[LISTED RECORDS]
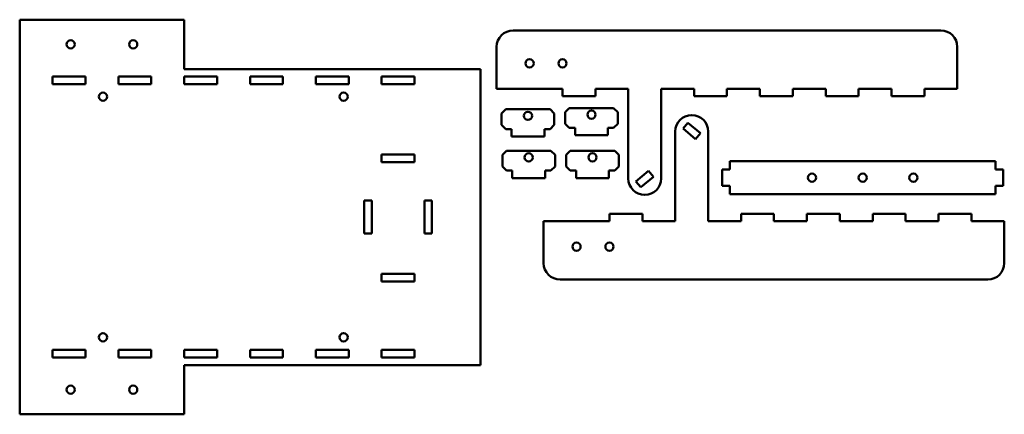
# Model space of a CAD drawing. Header units: inches. Extents: x 0.6 to 15.5, y 15.7 to 21.7.
import ezdxf

# ---------------------------------------------------------------- set-up
doc = ezdxf.new("R2010")
doc.units = ezdxf.units.IN
doc.header["$MEASUREMENT"] = 0
doc.layers.add('Visible (ANSI)', color=7, linetype='Continuous', lineweight=50)

msp = doc.modelspace()

# ---------------------------------------------------------------- linework, layer by layer
at = {"layer": 'Visible (ANSI)'}
for p, q in [((3.084, 21.67), (0.584, 21.67)), ((0.584, 21.67), (0.584, 15.67)), ((3.084, 20.92), (3.084, 21.67)), ((14.582, 21.506), (8.082, 21.506)), ((7.832, 21.256), (7.832, 20.621)), ((14.832, 20.621), (14.832, 21.256)), ((1.084, 20.805), (1.584, 20.805)), ((1.084, 20.69), (1.084, 20.805)), ((1.584, 20.805), (1.584, 20.69)), ((2.084, 20.805), (2.584, 20.805)), ((2.084, 20.69), (2.084, 20.805)), ((2.584, 20.805), (2.584, 20.69)), ((7.584, 20.92), (3.084, 20.92)), ((3.084, 20.805), (3.584, 20.805)), ((3.084, 20.69), (3.084, 20.805)), ((3.584, 20.805), (3.584, 20.69)), ((4.084, 20.805), (4.584, 20.805)), ((4.084, 20.69), (4.084, 20.805)), ((4.584, 20.805), (4.584, 20.69)), ((5.084, 20.805), (5.584, 20.805)), ((5.084, 20.69), (5.084, 20.805)), ((5.584, 20.805), (5.584, 20.69)), ((6.084, 20.805), (6.584, 20.805)), ((6.084, 20.69), (6.084, 20.805)), ((6.584, 20.805), (6.584, 20.69)), ((7.584, 16.42), (7.584, 20.92)), ((1.584, 20.69), (1.084, 20.69)), ((2.584, 20.69), (2.084, 20.69)), ((3.584, 20.69), (3.084, 20.69)), ((4.584, 20.69), (4.084, 20.69)), ((5.584, 20.69), (5.084, 20.69)), ((6.584, 20.69), (6.084, 20.69)), ((7.832, 20.621), (8.832, 20.621)), ((8.832, 20.621), (8.832, 20.506)), ((8.832, 20.506), (9.332, 20.506)), ((9.332, 20.506), (9.332, 20.621)), ((9.332, 20.621), (9.832, 20.621)), ((9.832, 20.621), (9.832, 19.256)), ((10.332, 20.621), (10.332, 19.256)), ((10.332, 20.621), (10.832, 20.621)), ((10.832, 20.621), (10.832, 20.506)), ((10.832, 20.506), (11.332, 20.506)), ((11.332, 20.506), (11.332, 20.621)), ((11.332, 20.621), (11.832, 20.621)), ((11.832, 20.621), (11.832, 20.506)), ((11.832, 20.506), (12.332, 20.506)), ((12.332, 20.506), (12.332, 20.621)), ((12.332, 20.621), (12.832, 20.621)), ((12.832, 20.621), (12.832, 20.506)), ((12.832, 20.506), (13.332, 20.506)), ((13.332, 20.506), (13.332, 20.621)), ((13.332, 20.621), (13.832, 20.621)), ((13.832, 20.621), (13.832, 20.506)), ((13.832, 20.506), (14.332, 20.506)), ((14.332, 20.506), (14.332, 20.621)), ((14.332, 20.621), (14.832, 20.621)), ((7.907, 20.245), (7.97, 20.308)), ((7.907, 20.245), (7.907, 20.07)), ((8.645, 20.308), (7.97, 20.308)), ((8.645, 20.308), (8.707, 20.245)), ((8.707, 20.07), (8.707, 20.245)), ((8.873, 20.264), (8.935, 20.327)), ((8.873, 20.264), (8.873, 20.089)), ((9.61, 20.327), (8.935, 20.327)), ((9.61, 20.327), (9.673, 20.264)), ((9.673, 20.089), (9.673, 20.264)), ((7.97, 20.008), (7.907, 20.07)), ((8.707, 20.07), (8.645, 20.008)), ((8.935, 20.027), (8.873, 20.089)), ((9.673, 20.089), (9.61, 20.027)), ((10.664, 20.016), (10.738, 20.104)), ((10.738, 20.104), (10.929, 19.943)), ((7.97, 20.008), (8.057, 20.008)), ((8.057, 20.008), (8.057, 19.893)), ((8.557, 19.893), (8.557, 20.008)), ((8.557, 20.008), (8.645, 20.008)), ((8.935, 20.027), (9.023, 20.027)), ((9.023, 20.027), (9.023, 19.912)), ((9.023, 19.912), (9.523, 19.912)), ((9.523, 19.912), (9.523, 20.027)), ((9.523, 20.027), (9.61, 20.027)), ((10.546, 18.605), (10.546, 19.97)), ((10.855, 19.855), (10.664, 20.016)), ((10.929, 19.943), (10.855, 19.855)), ((11.046, 18.605), (11.046, 19.97)), ((8.057, 19.893), (8.557, 19.893)), ((6.084, 19.505), (6.084, 19.62)), ((6.084, 19.62), (6.584, 19.62)), ((6.584, 19.62), (6.584, 19.505)), ((7.919, 19.614), (7.982, 19.676)), ((7.919, 19.614), (7.919, 19.439)), ((8.657, 19.676), (7.982, 19.676)), ((8.657, 19.676), (8.719, 19.614)), ((8.719, 19.439), (8.719, 19.614)), ((8.888, 19.615), (8.951, 19.678)), ((8.888, 19.615), (8.888, 19.44)), ((9.626, 19.678), (8.951, 19.678)), ((9.626, 19.678), (9.688, 19.615)), ((9.688, 19.44), (9.688, 19.615)), ((6.584, 19.505), (6.084, 19.505)), ((11.375, 19.518), (11.375, 19.393)), ((15.415, 19.518), (11.375, 19.518)), ((15.415, 19.393), (15.415, 19.518)), ((7.982, 19.376), (7.919, 19.439)), ((7.982, 19.376), (8.069, 19.376)), ((8.069, 19.376), (8.069, 19.261)), ((8.569, 19.261), (8.569, 19.376)), ((8.569, 19.376), (8.657, 19.376)), ((8.719, 19.439), (8.657, 19.376)), ((8.951, 19.378), (8.888, 19.44)), ((8.951, 19.378), (9.038, 19.378)), ((9.038, 19.378), (9.038, 19.263)), ((9.538, 19.263), (9.538, 19.378)), ((9.538, 19.378), (9.626, 19.378)), ((9.688, 19.44), (9.626, 19.378)), ((9.949, 19.21), (10.14, 19.37)), ((10.14, 19.37), (10.214, 19.282)), ((11.26, 19.393), (11.26, 19.143)), ((11.375, 19.393), (11.26, 19.393)), ((15.53, 19.393), (15.415, 19.393)), ((15.53, 19.143), (15.53, 19.393)), ((8.069, 19.261), (8.569, 19.261)), ((9.038, 19.263), (9.538, 19.263)), ((10.023, 19.122), (9.949, 19.21)), ((10.214, 19.282), (10.023, 19.122)), ((11.26, 19.143), (11.375, 19.143)), ((11.375, 19.143), (11.375, 19.018)), ((11.375, 19.018), (15.415, 19.018)), ((15.415, 19.018), (15.415, 19.143)), ((15.415, 19.143), (15.53, 19.143)), ((5.819, 18.42), (5.819, 18.92)), ((5.819, 18.92), (5.934, 18.92)), ((5.934, 18.92), (5.934, 18.42)), ((6.734, 18.42), (6.734, 18.92)), ((6.734, 18.92), (6.849, 18.92)), ((6.849, 18.92), (6.849, 18.42)), ((10.046, 18.72), (9.546, 18.72)), ((9.546, 18.72), (9.546, 18.605)), ((10.046, 18.605), (10.046, 18.72)), ((12.046, 18.72), (11.546, 18.72)), ((11.546, 18.72), (11.546, 18.605)), ((12.046, 18.605), (12.046, 18.72)), ((13.046, 18.72), (12.546, 18.72)), ((12.546, 18.72), (12.546, 18.605)), ((13.046, 18.605), (13.046, 18.72)), ((14.046, 18.72), (13.546, 18.72)), ((13.546, 18.72), (13.546, 18.605)), ((14.046, 18.605), (14.046, 18.72)), ((15.046, 18.72), (14.546, 18.72)), ((14.546, 18.72), (14.546, 18.605)), ((15.046, 18.605), (15.046, 18.72)), ((8.546, 18.605), (8.546, 17.97)), ((9.546, 18.605), (8.546, 18.605)), ((10.546, 18.605), (10.046, 18.605)), ((11.546, 18.605), (11.046, 18.605)), ((12.546, 18.605), (12.046, 18.605)), ((13.546, 18.605), (13.046, 18.605)), ((14.546, 18.605), (14.046, 18.605)), ((15.546, 18.605), (15.046, 18.605)), ((15.546, 17.97), (15.546, 18.605)), ((5.934, 18.42), (5.819, 18.42)), ((6.849, 18.42), (6.734, 18.42)), ((6.084, 17.69), (6.084, 17.805)), ((6.084, 17.805), (6.584, 17.805)), ((6.584, 17.69), (6.084, 17.69)), ((6.584, 17.805), (6.584, 17.69)), ((8.796, 17.72), (15.296, 17.72)), ((1.084, 16.535), (1.084, 16.65)), ((1.084, 16.65), (1.584, 16.65)), ((1.584, 16.65), (1.584, 16.535)), ((2.084, 16.535), (2.084, 16.65)), ((2.084, 16.65), (2.584, 16.65)), ((2.584, 16.65), (2.584, 16.535)), ((3.084, 16.535), (3.084, 16.65)), ((3.084, 16.65), (3.584, 16.65)), ((3.584, 16.65), (3.584, 16.535)), ((4.084, 16.535), (4.084, 16.65)), ((4.084, 16.65), (4.584, 16.65)), ((4.584, 16.65), (4.584, 16.535)), ((5.084, 16.535), (5.084, 16.65)), ((5.084, 16.65), (5.584, 16.65)), ((5.584, 16.65), (5.584, 16.535)), ((6.084, 16.535), (6.084, 16.65)), ((6.084, 16.65), (6.584, 16.65)), ((6.584, 16.65), (6.584, 16.535)), ((1.584, 16.535), (1.084, 16.535)), ((2.584, 16.535), (2.084, 16.535)), ((3.584, 16.535), (3.084, 16.535)), ((4.584, 16.535), (4.084, 16.535)), ((5.584, 16.535), (5.084, 16.535)), ((6.584, 16.535), (6.084, 16.535)), ((3.084, 16.42), (3.084, 15.67)), ((3.084, 16.42), (7.584, 16.42)), ((3.084, 15.67), (0.584, 15.67))]:
    msp.add_line(p, q, dxfattribs=at)
for centre in [(1.359, 21.295), (2.309, 21.295), (8.332, 21.006), (8.832, 21.006), (1.849, 20.499), (5.506, 20.499), (8.307, 20.208), (9.273, 20.227), (8.319, 19.576), (9.288, 19.578), (12.625, 19.268), (13.395, 19.268), (14.165, 19.268), (9.046, 18.22), (9.546, 18.22), (1.849, 16.842), (5.506, 16.842), (1.359, 16.045), (2.309, 16.045)]:
    msp.add_circle(centre, 0.0625, dxfattribs=at)
for centre, start, end in [((8.082, 21.256), 90, 180), ((14.582, 21.256), 0, 90), ((10.796, 19.97), 0, 180), ((10.082, 19.256), 180, 0), ((8.796, 17.97), 180, 270), ((15.296, 17.97), 270, 0)]:
    msp.add_arc(centre, 0.25, start, end, dxfattribs=at)

doc.saveas('drawing.dxf')

[PROBLEM DETAILS] Among the entries above, find the line with "msp.add_line(p, q, dxfattribs=at)" and the line with "msp.add_circle(centre, 0.0625, dxfattribs=at)"; give again exactly these two lines and all lines between them.

[ANSWER]
    msp.add_line(p, q, dxfattribs=at)
for centre in [(1.359, 21.295), (2.309, 21.295), (8.332, 21.006), (8.832, 21.006), (1.849, 20.499), (5.506, 20.499), (8.307, 20.208), (9.273, 20.227), (8.319, 19.576), (9.288, 19.578), (12.625, 19.268), (13.395, 19.268), (14.165, 19.268), (9.046, 18.22), (9.546, 18.22), (1.849, 16.842), (5.506, 16.842), (1.359, 16.045), (2.309, 16.045)]:
    msp.add_circle(centre, 0.0625, dxfattribs=at)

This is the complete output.